Durante sua participação no programa Desperta ICL, do canal ICL Notícias, o jornalista Luís Costa Pinto afirmou que ainda é cedo para medir o impacto eleitoral da recente operação policial no Rio de Janeiro. No entanto, destacou que o episódio serviu para tentar recompor a imagem do governador Cláudio Castro e reposicionar a extrema direita fluminense, que estava “sem bandeira e sem agenda” desde a derrota de Jair Bolsonaro em 2022.

“Decretou-se a pena de morte no Brasil”

Luís Costa Pinto classificou a ação policial como uma violação grave dos princípios constitucionais e dos direitos humanos, afirmando que “decretou-se a pena de morte no Brasil”. Segundo o jornalista, nenhum dos mortos estava incluído nas autorizações judiciais da operação. Ele ressaltou ainda o protagonismo político do secretário de Polícia Civil, Felipe Curi, que tenta se projetar como novo nome da extrema direita no Rio de Janeiro.

A manipulação das pesquisas e o discurso da violência

O jornalista também analisou as pesquisas divulgadas após a operação, como as do AtlasIntel e do Datafolha. Para ele, os levantamentos iniciais ajudaram a criar um “campo semântico da violência”, fortalecendo a narrativa de sucesso da ação policial. Costa Pinto alertou para a necessidade de estudos qualitativos mais profundos que ouçam a população diretamente, a fim de compreender a real percepção sobre os episódios recentes.

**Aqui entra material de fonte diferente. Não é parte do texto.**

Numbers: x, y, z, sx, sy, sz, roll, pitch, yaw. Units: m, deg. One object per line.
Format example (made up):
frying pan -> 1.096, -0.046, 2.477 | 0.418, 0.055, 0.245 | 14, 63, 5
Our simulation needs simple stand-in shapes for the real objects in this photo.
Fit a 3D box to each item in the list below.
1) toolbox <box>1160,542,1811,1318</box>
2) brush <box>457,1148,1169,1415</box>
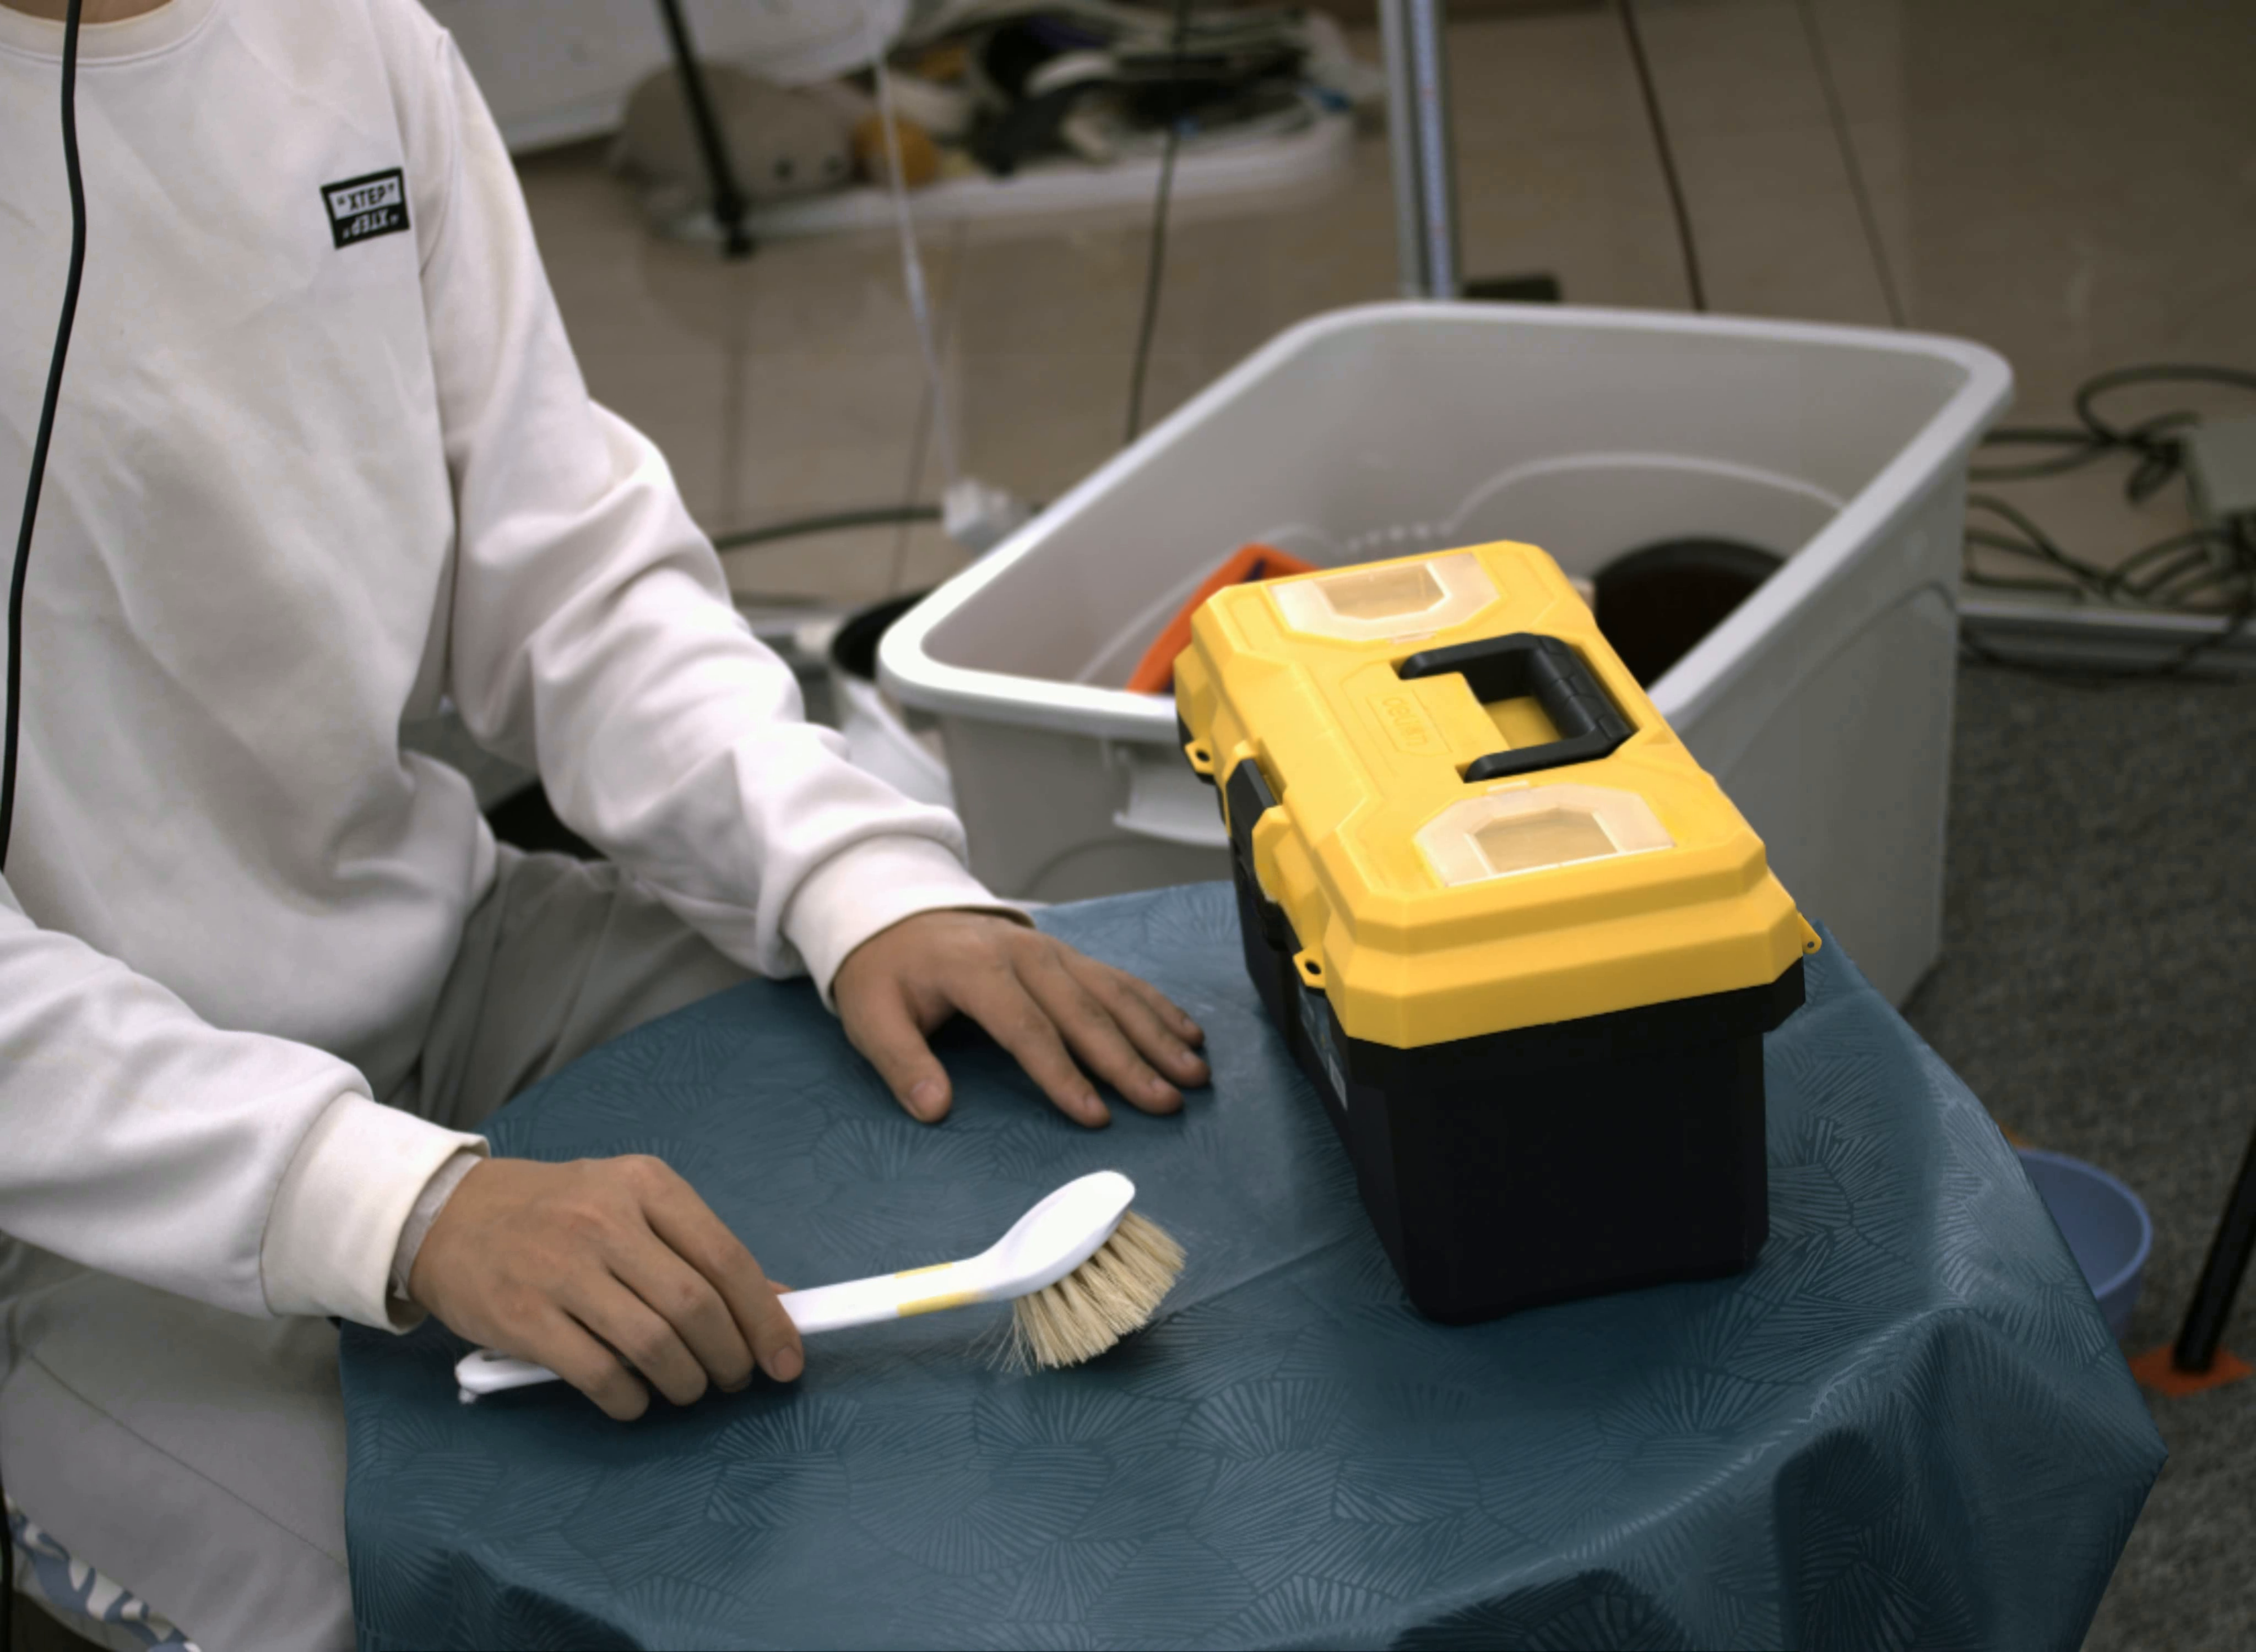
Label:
toolbox -> 0.130, 0.033, 2.134 | 0.181, 0.175, 0.346 | -9, 24, -7
brush -> -0.111, 0.186, 2.055 | 0.266, 0.056, 0.068 | -21, 6, 6

O próximo capítulo da “minissérie trágica”

Segundo Costa Pinto, o governo federal prepara uma resposta baseada em inteligência e cooperação entre Receita Federal, Banco Central, Polícia Federal e Ministério Público, com foco em desmantelar a estrutura financeira do crime organizado. Ele comparou os acontecimentos a uma “minissérie trágica”, em que a primeira temporada foi vencida pelo governo do Rio, mas a segunda promete reviravoltas — com o governador Cláudio Castro agora diante do ministro Alexandre de Moraes para prestar contas da operação.